▸ **WORK TO BE COMPLETED**:
Below are records; count the lines that contain "short" and state only that count.

▸ **Data records**:
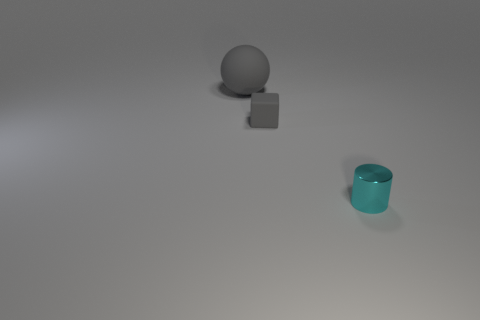Is the color of the tiny matte object the same as the big ball?
Ensure brevity in your answer.  Yes. How many things are behind the shiny object and on the right side of the gray ball?
Give a very brief answer. 1. How many tiny cubes are on the right side of the gray matte ball?
Ensure brevity in your answer.  1. How many balls are small gray things or large gray things?
Your answer should be very brief. 1. The thing that is on the left side of the small gray thing has what shape?
Offer a very short reply. Sphere. How many other gray things have the same material as the tiny gray object?
Keep it short and to the point. 1. Is the number of big gray rubber things that are on the left side of the matte ball less than the number of big purple rubber things?
Your response must be concise. No. There is a matte ball that is behind the tiny thing that is behind the small shiny object; what size is it?
Ensure brevity in your answer.  Large. There is a big thing; is it the same color as the tiny object that is behind the small shiny thing?
Provide a short and direct response. Yes. There is a gray object that is the same size as the cyan shiny cylinder; what material is it?
Your answer should be compact. Rubber. 
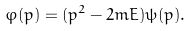<formula> <loc_0><loc_0><loc_500><loc_500>\varphi ( p ) = ( p ^ { 2 } - 2 m E ) \psi ( p ) .</formula> 
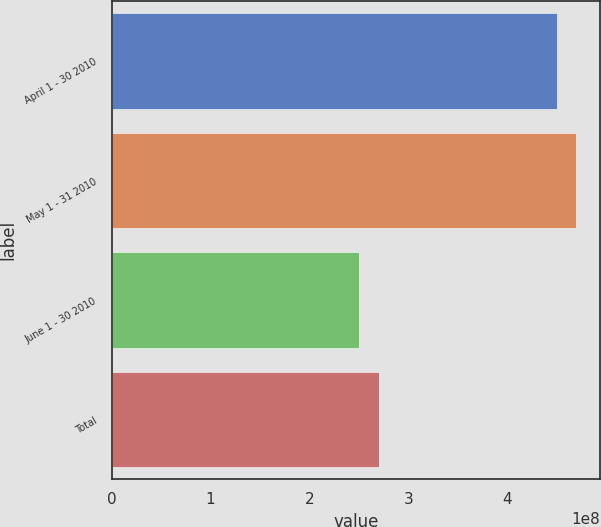<chart> <loc_0><loc_0><loc_500><loc_500><bar_chart><fcel>April 1 - 30 2010<fcel>May 1 - 31 2010<fcel>June 1 - 30 2010<fcel>Total<nl><fcel>4.5e+08<fcel>4.69991e+08<fcel>2.50089e+08<fcel>2.7008e+08<nl></chart> 
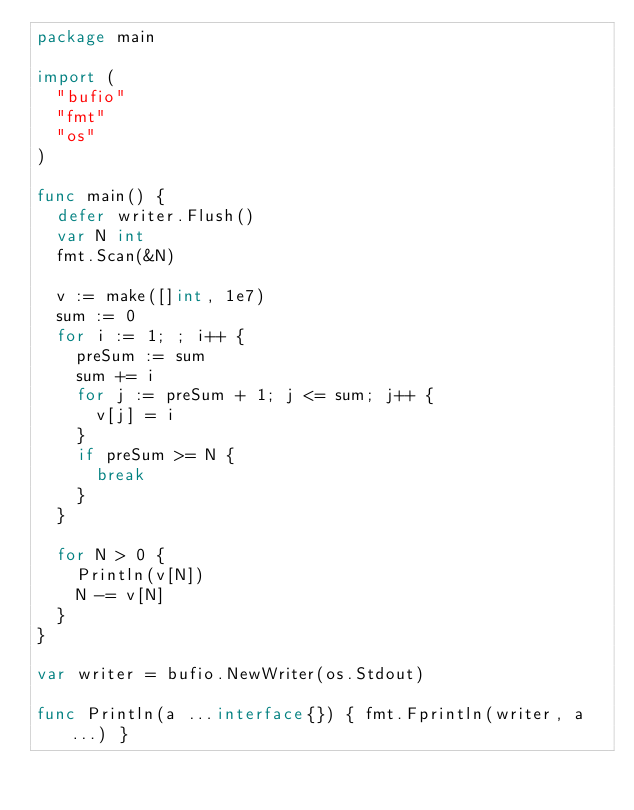<code> <loc_0><loc_0><loc_500><loc_500><_Go_>package main

import (
	"bufio"
	"fmt"
	"os"
)

func main() {
	defer writer.Flush()
	var N int
	fmt.Scan(&N)

	v := make([]int, 1e7)
	sum := 0
	for i := 1; ; i++ {
		preSum := sum
		sum += i
		for j := preSum + 1; j <= sum; j++ {
			v[j] = i
		}
		if preSum >= N {
			break
		}
	}

	for N > 0 {
		Println(v[N])
		N -= v[N]
	}
}

var writer = bufio.NewWriter(os.Stdout)

func Println(a ...interface{}) { fmt.Fprintln(writer, a...) }
</code> 
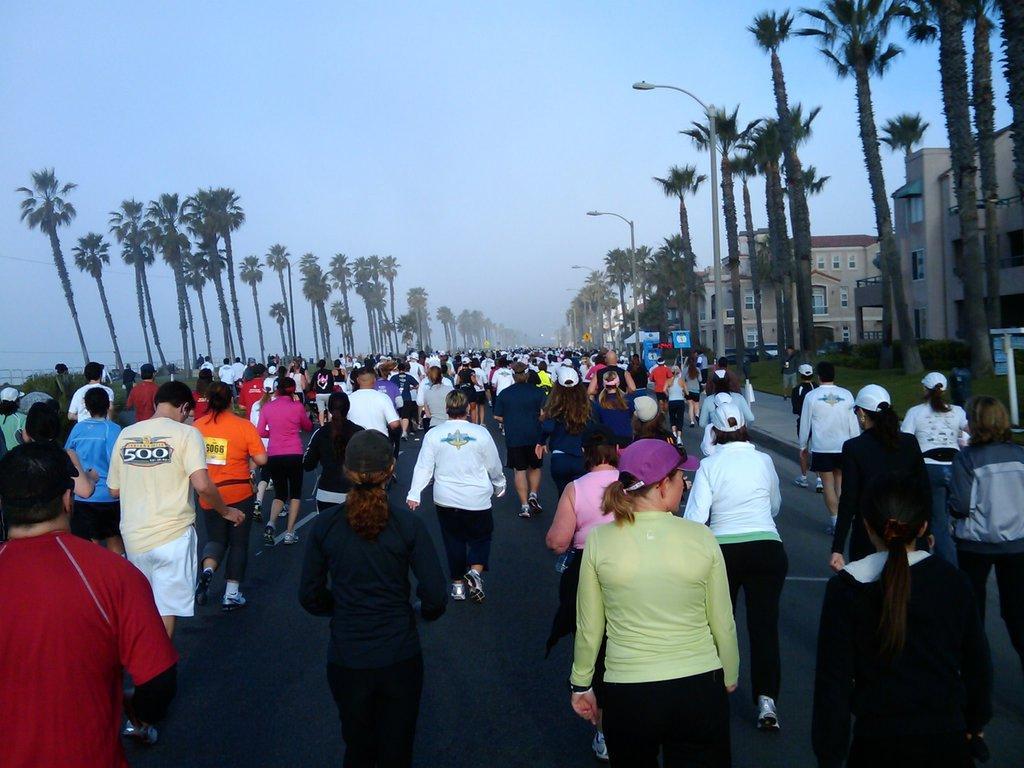Please provide a concise description of this image. people walking on the road as we can see in the middle of this image. There are some trees in the background, and there are some buildings on the right side of this image, and there is a sky at the top of this image. 
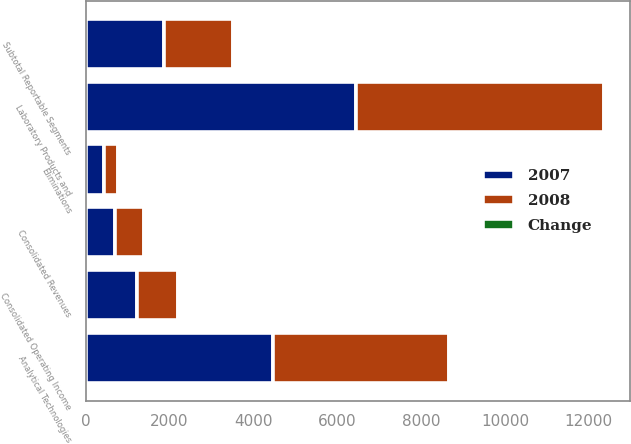<chart> <loc_0><loc_0><loc_500><loc_500><stacked_bar_chart><ecel><fcel>Analytical Technologies<fcel>Laboratory Products and<fcel>Eliminations<fcel>Consolidated Revenues<fcel>Subtotal Reportable Segments<fcel>Consolidated Operating Income<nl><fcel>2007<fcel>4471.2<fcel>6453.3<fcel>426.5<fcel>700.45<fcel>1869.1<fcel>1229.4<nl><fcel>2008<fcel>4181.7<fcel>5911.1<fcel>346.4<fcel>700.45<fcel>1636.9<fcel>974.4<nl><fcel>Change<fcel>7<fcel>9<fcel>23<fcel>8<fcel>14<fcel>26<nl></chart> 
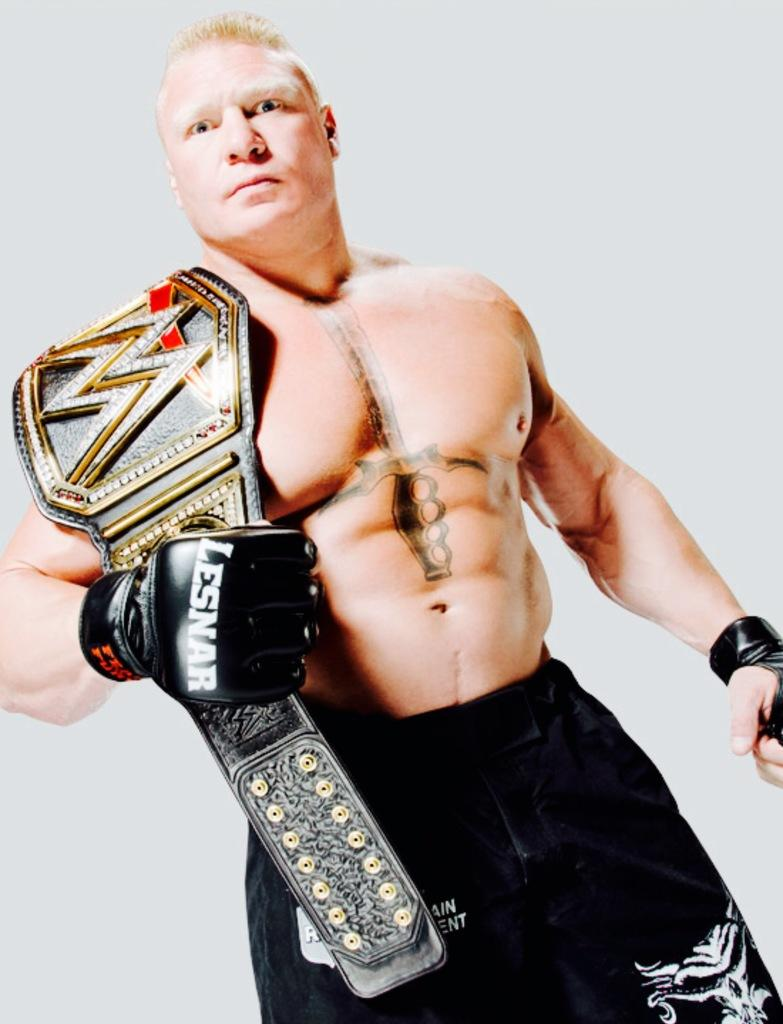What is the main subject of the image? There is a person in the image. What is the person wearing? The person is wearing a black color shirt and black color gloves. Is there any accessory visible on the person? Yes, the person has a belt on his shoulder. What is the person's posture in the image? The person is standing. What is the color of the background in the image? The background of the image is white in color. Can you see any flames in the image? No, there are no flames present in the image. Are there any beds visible in the image? No, there are no beds present in the image.

▸ **RESULT OF THIS EXERCISE**:
3